EXERCISE DIRECTIONS: Reproduce exactly, with no other output, every line of the data below from the line containing "table_cell movl $1, -4(%rbp)" to the end, inclusive.

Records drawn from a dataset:
========================================================================

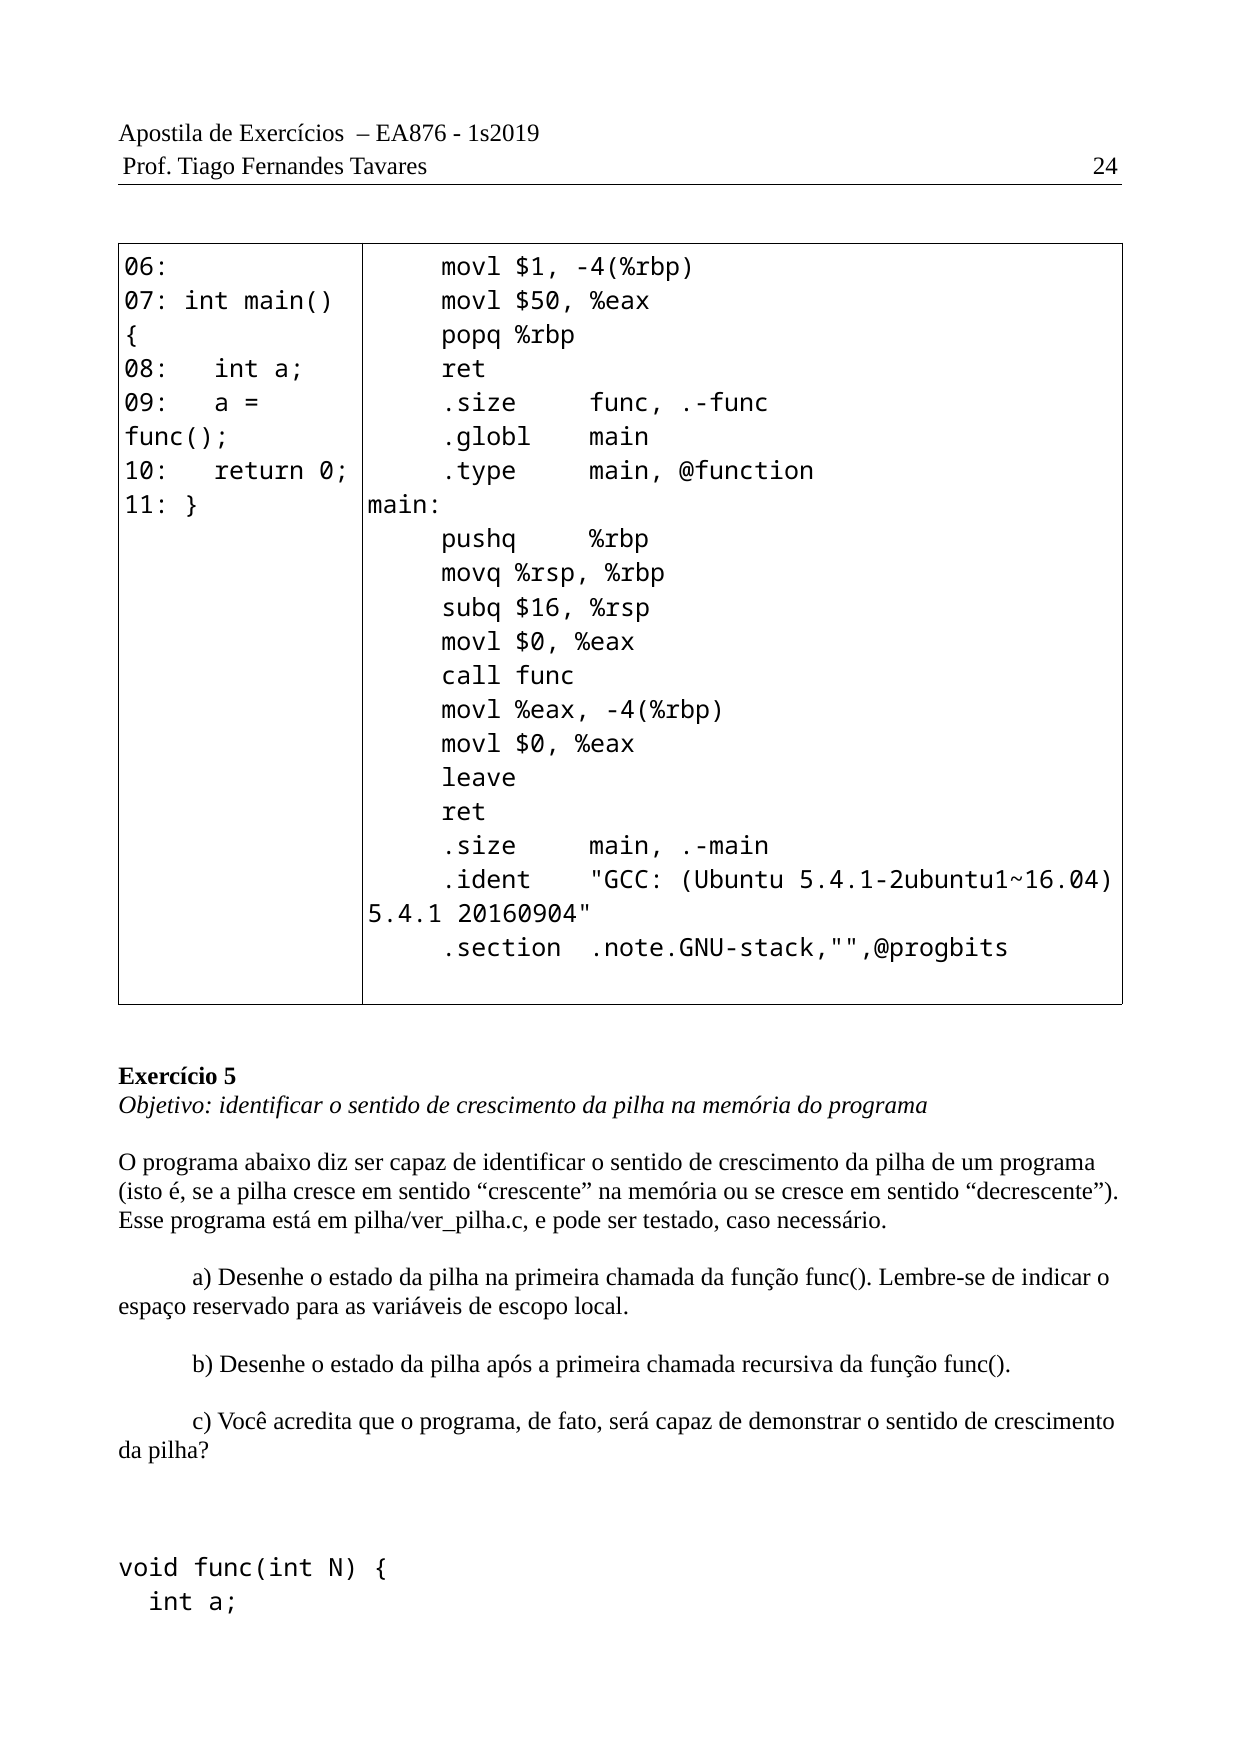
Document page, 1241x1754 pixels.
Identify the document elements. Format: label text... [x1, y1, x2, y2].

text b) Desenhe o estado da pilha após a primeira chamada recursiva da função func(). [118, 1349, 1122, 1377]
text c) Você acredita que o programa, de fato, será capaz de demonstrar o sentido de crescimento da pilha? [118, 1406, 1122, 1464]
text Exercício 5 [118, 1061, 1122, 1090]
text void func(int N) { [118, 1550, 1122, 1584]
text a) Desenhe o estado da pilha na primeira chamada da função func(). Lembre-se de indicar o espaço reservado para as variáveis de escopo local. [118, 1262, 1122, 1320]
text O programa abaixo diz ser capaz de identificar o sentido de crescimento da pilha de um programa (isto é, se a pilha cresce em sentido “crescente” na memória ou se cresce em sentido “decrescente”). Esse programa está em pilha/ver_pilha.c, e pode ser testado, caso necessário. [118, 1147, 1122, 1234]
text Objetivo: identificar o sentido de crescimento da pilha na memória do programa [118, 1090, 1122, 1119]
table_cell 06: 07: int main() { 08: int a; 09: a = func(); 10: return 0; 11: } [119, 244, 362, 1004]
table_cell movl $1, -4(%rbp) movl $50, %eax popq %rbp ret .size func, .-func .globl main .type main, @function main: pushq %rbp movq %rsp, %rbp subq $16, %rsp movl $0, %eax call func movl %eax, -4(%rbp) movl $0, %eax leave ret .size main, .-main .ident "GCC: (Ubuntu 5.4.1-2ubuntu1~16.04) 5.4.1 20160904" .section .note.GNU-stack,"",@progbits [363, 244, 1122, 1004]
text int a; [118, 1584, 1122, 1618]

========================================================================

EXPECTED ANSWER:
table_cell movl $1, -4(%rbp) movl $50, %eax popq %rbp ret .size func, .-func .globl main .type main, @function main: pushq %rbp movq %rsp, %rbp subq $16, %rsp movl $0, %eax call func movl %eax, -4(%rbp) movl $0, %eax leave ret .size main, .-main .ident "GCC: (Ubuntu 5.4.1-2ubuntu1~16.04) 5.4.1 20160904" .section .note.GNU-stack,"",@progbits [363, 244, 1122, 1004]
text int a; [118, 1584, 1122, 1618]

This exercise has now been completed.